Yesterday, we discussed Saga Communications’ decision to end ad insertion in its streams. And that opens the door to a larger conversation and a bigger question:
If we cannot monetize it, why are we still doing it?
Of course, there are certain activities that radio stations should engage in that will never generate revenue – and that’s not a bad thing. It’s the price of doing business, it’s the cost of building relationships, and it’s the tariff to keep connected to the audience and build a meaningful brand.
As Facebook’s stock price may be proving, monetizing social media – at least in the ways it’s being done now – may be a futile, if not a counterproductive effort. As Lori Lewis has stated from the beginning, most consumers didn’t sign up with Facebook to join brand pages and to be marketed to. They just want to share their lives with other people.
So while social media monetization may be a very tough putt, that shouldn’t be the case with so many other digital activities that are crying out for sponsor and advertiser support.
How many radio brands have created and grown strongly successful franchises and cottage industries in podcasting, video streaming, large email and text databases, mobile applications, and other digital endeavors only to be running them commercial-free or watching the sales department throw them in as the dreaded “value-added?”
So where’s the breakdown?
You might expect this from a product guy, but I think it’s clear that great brands with respected and loved personalities can create compelling digital content that people enjoy – and might even pay for.
But if sales cannot figure out a way to sell these assets, the entire model is suspect.
When Paul starts a sales meeting with a new client, the first question he asks the team is, “How many of you want to make more money this year than last year?” Predictably, all of the hands in the room shoot up. He then follows this up by saying, “Then stop exclusively selling on-air commercials.” The point he’s trying to make is that radio revenue is projected to be flat to slightly up. In a hot political election year, the radio forecast is looking grim. If there’s going to be growth, it is going to emanate from expanding radio’s revenue via solutions on digital platforms.
Maybe it’s time to accept the fact that most traditional radio salespeople simply struggle to sell digital platforms. They are schooled in the art of selling radio ads to media buyers, utilizing metrics from Arbitron, and turning to old school solutions like remotes and live reads in order to close the deal. There’s nothing wrong with that – for the foreseeable future, commercials will comprise the bulk of radio’s revenues.
But if you accept that reality, then there’s only one solution – treat digital revenue as a separate business and hire reps with digital sales experience.

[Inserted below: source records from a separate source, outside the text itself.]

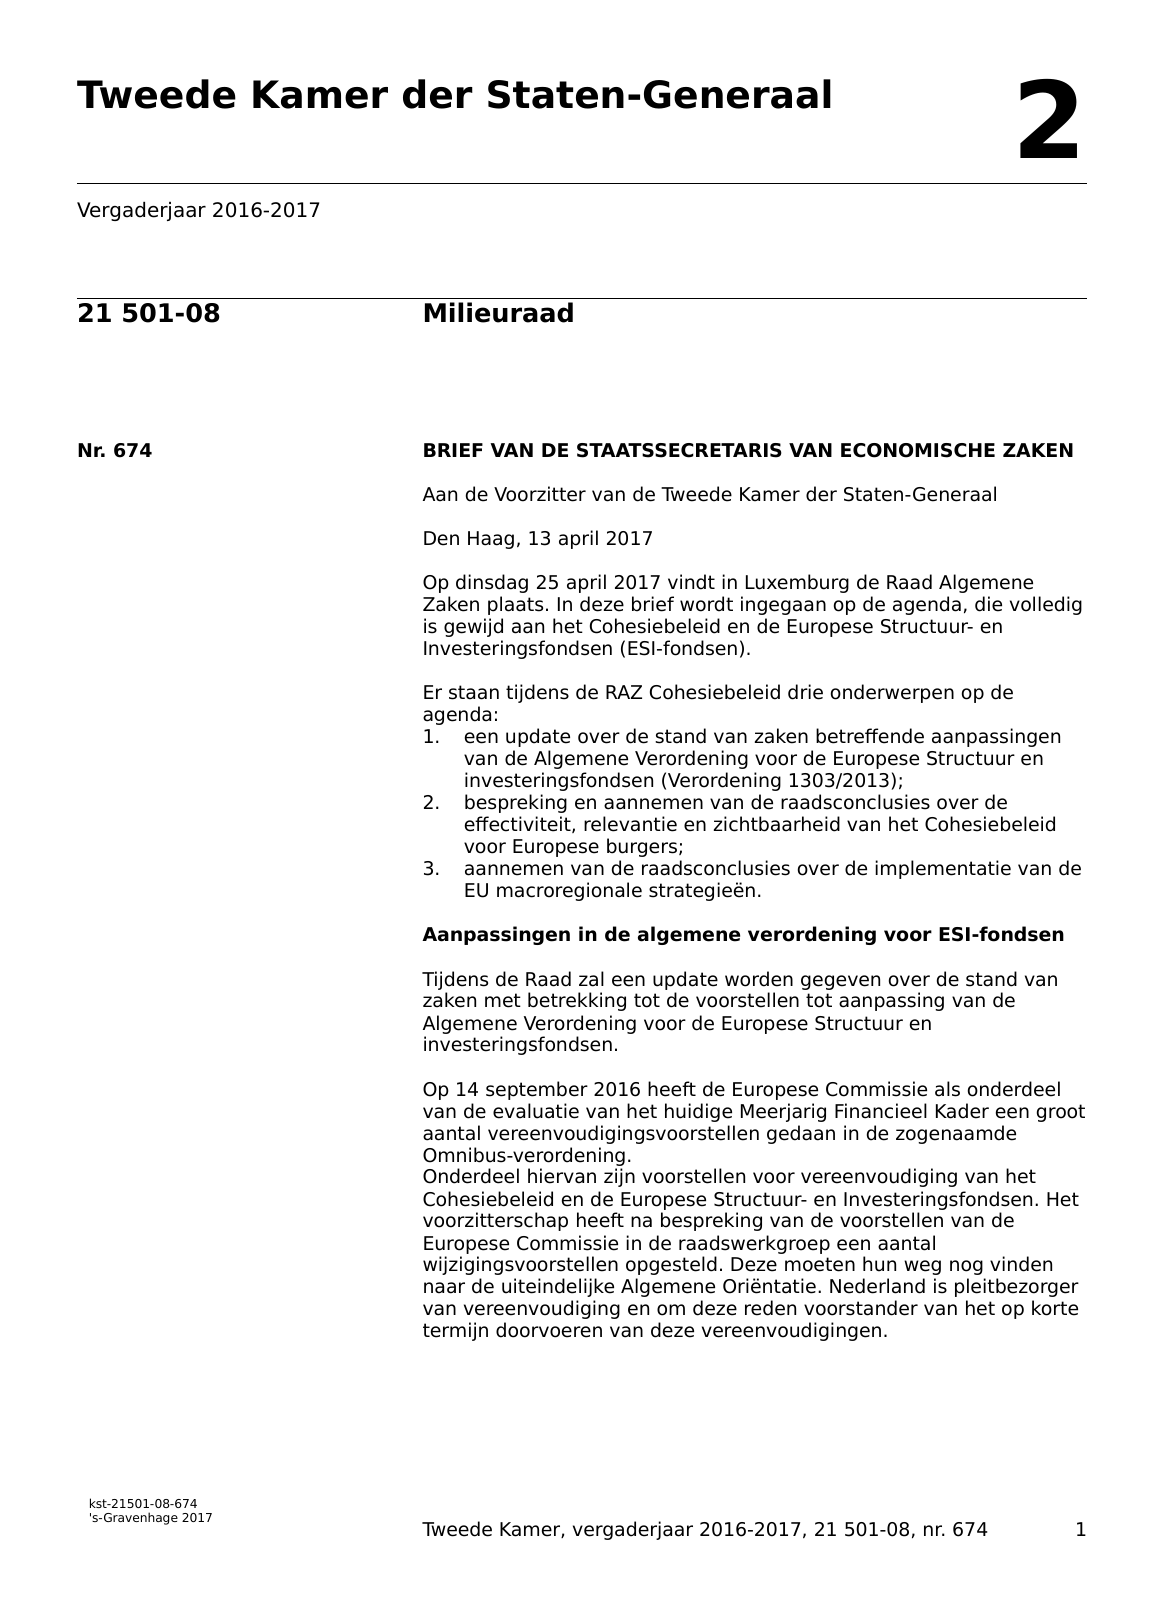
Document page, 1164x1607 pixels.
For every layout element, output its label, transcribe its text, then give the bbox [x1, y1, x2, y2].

text Op dinsdag 25 april 2017 vindt in Luxemburg de Raad Algemene Zaken plaats. In deze brief wordt ingegaan op de agenda, die volledig is gewijd aan het Cohesiebeleid en de Europese Structuur- en Investeringsfondsen (ESI-fondsen). [422, 572, 1087, 660]
text Den Haag, 13 april 2017 [422, 528, 1087, 550]
text Tijdens de Raad zal een update worden gegeven over de stand van zaken met betrekking tot de voorstellen tot aanpassing van de Algemene Verordening voor de Europese Structuur en investeringsfondsen. [422, 968, 1087, 1056]
table_header Tweede Kamer der Staten-Generaal [77, 59, 886, 183]
text kst-21501-08-674 [88, 1497, 323, 1511]
text 2. bespreking en aannemen van de raadsconclusies over de effectiviteit, relevantie en zichtbaarheid van het Cohesiebeleid voor Europese burgers; [422, 792, 1087, 858]
text Er staan tijdens de RAZ Cohesiebeleid drie onderwerpen op de agenda: [422, 682, 1087, 726]
text Onderdeel hiervan zijn voorstellen voor vereenvoudiging van het Cohesiebeleid en de Europese Structuur- en Investeringsfondsen. Het voorzitterschap heeft na bespreking van de voorstellen van de Europese Commissie in de raadswerkgroep een aantal wijzigingsvoorstellen opgesteld. Deze moeten hun weg nog vinden naar de uiteindelijke Algemene Oriëntatie. Nederland is pleitbezorger van vereenvoudiging en om deze reden voorstander van het op korte termijn doorvoeren van deze vereenvoudigingen. [422, 1166, 1087, 1342]
text 's-Gravenhage 2017 [88, 1511, 323, 1525]
text 3. aannemen van de raadsconclusies over de implementatie van de EU macroregionale strategieën. [422, 858, 1087, 902]
text 1. een update over de stand van zaken betreffende aanpassingen van de Algemene Verordening voor de Europese Structuur en investeringsfondsen (Verordening 1303/2013); [422, 726, 1087, 792]
text Op 14 september 2016 heeft de Europese Commissie als onderdeel van de evaluatie van het huidige Meerjarig Financieel Kader een groot aantal vereenvoudigingsvoorstellen gedaan in de zogenaamde Omnibus-verordening. [422, 1078, 1087, 1166]
text Aan de Voorzitter van de Tweede Kamer der Staten-Generaal [422, 484, 1087, 506]
table_cell Vergaderjaar 2016-2017 [77, 184, 1087, 298]
subtitle 21 501-08 Milieuraad [77, 299, 1087, 329]
subtitle Aanpassingen in de algemene verordening voor ESI-fondsen [422, 924, 1087, 946]
subtitle Nr. 674 BRIEF VAN DE STAATSSECRETARIS VAN ECONOMISCHE ZAKEN [77, 440, 1087, 462]
table_header 2 [886, 59, 1087, 183]

Radio needs dedicated digital sellers that come to the table with knowledge of the strengths and weaknesses of each channel, an understanding of the metrics and how best to tell the brand’s story, and contacts with decision-makers that are seeking solutions using new media tools. They should have an understanding of how to creatively solve client problems, they should have separate revenue goals, and they should be empowered to not only generate revenue from existing station advertisers, but to also go outside the array of usual suspects to attract business from companies that don’t traditionally buy radio.
At this year’s Conclave, Paul moderated a session on non-traditional revenue. Two of the panelists were Hubbard’s Rob McCracken and Federated Media’s James Derby. We encourage you to check out how these two companies have created separate divisions focused on providing digital and social media solutions to advertisers in their market. In the case of Hubbard in Cincinnati, they don’t even use the parent company’s name – it’s 2060 Digital. These efforts are independent of the traditional radio business model; they have their own P&L statements and staff, and they are showing bona fide results.

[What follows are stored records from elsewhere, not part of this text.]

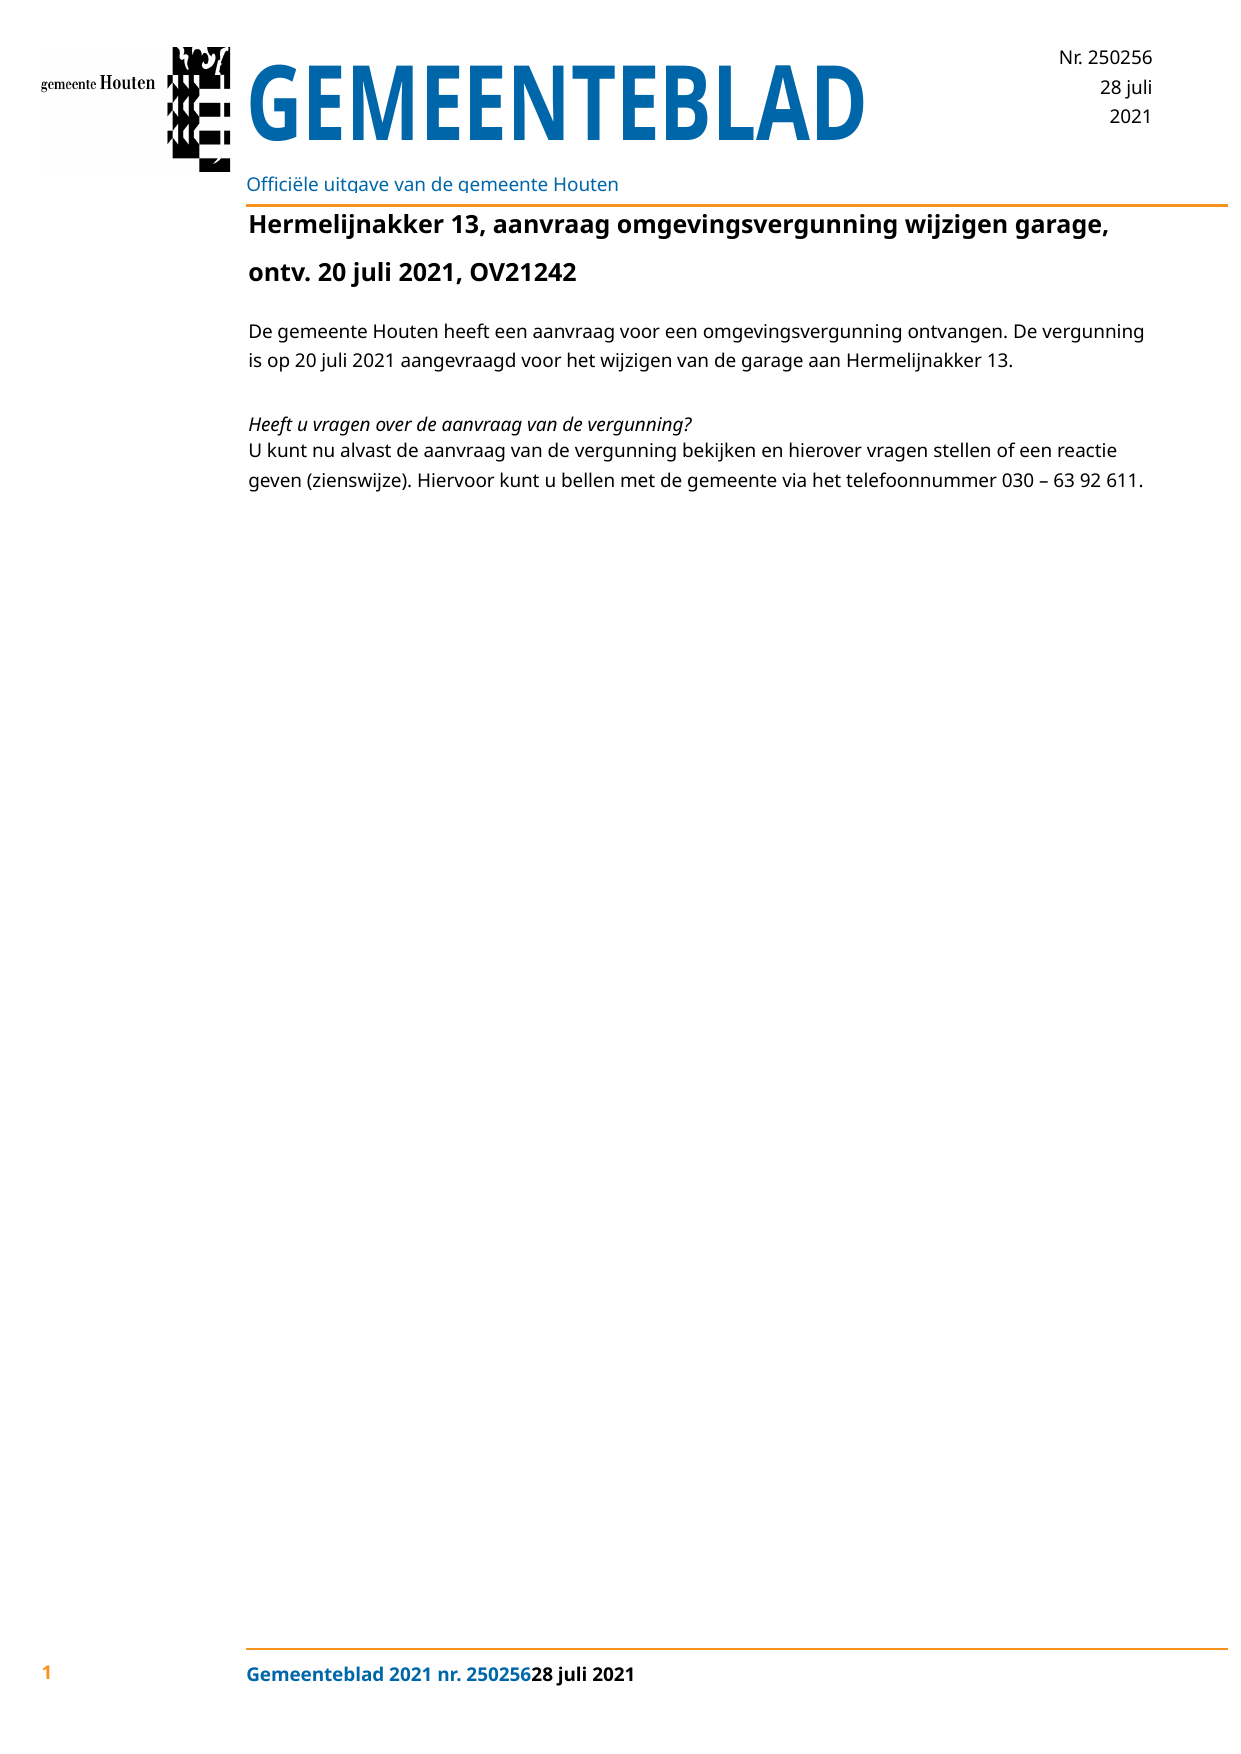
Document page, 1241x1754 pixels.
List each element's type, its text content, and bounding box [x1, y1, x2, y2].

picture [41, 47, 231, 172]
text De gemeente Houten heeft een aanvraag voor een omgevingsvergunning ontvangen. De vergunning is op 20 juli 2021 aangevraagd voor het wijzigen van de garage aan Hermelijnakker 13. [248, 318, 1152, 373]
text Heeft u vragen over de aanvraag van de vergunning? [248, 411, 1152, 437]
text U kunt nu alvast de aanvraag van de vergunning bekijken en hierover vragen stellen of een reactie geven (zienswijze). Hiervoor kunt u bellen met de gemeente via het telefoonnummer 030 – 63 92 611. [248, 437, 1152, 492]
text Hermelijnakker 13, aanvraag omgevingsvergunning wijzigen garage, ontv. 20 juli 2021, OV21242 [248, 207, 1152, 288]

We’re not throwing in the towel on radio’s prospects for generating digital profits. But it’s time to realistically assess what’s working and what’s not. Radio needs to come to grips with the fact that in many situations, traditional radio salespeople cannot take on this effort, and that digital selling doesn’t cannibalize the traditional spot sales effort. Pandora’s sellers (many of whom come from traditional radio) are focused on one thing – marketing results on their highly targeted platform. The same with Groupon and Google. Yet, radio’s sellers are focused on nothing and everything – commercials, events, banner ads, streaming ad insertion, mobile, and more. That’s a lot to ask.
Radio companies continue to pour money into music research, perceptual studies, and other efforts to support their brands’ on-air content. And they should.
But it’s also time to invest in solving the Rubik’s Cube that is radio sales while we still have viable media brands, and are still making marketable products that matter to consumers.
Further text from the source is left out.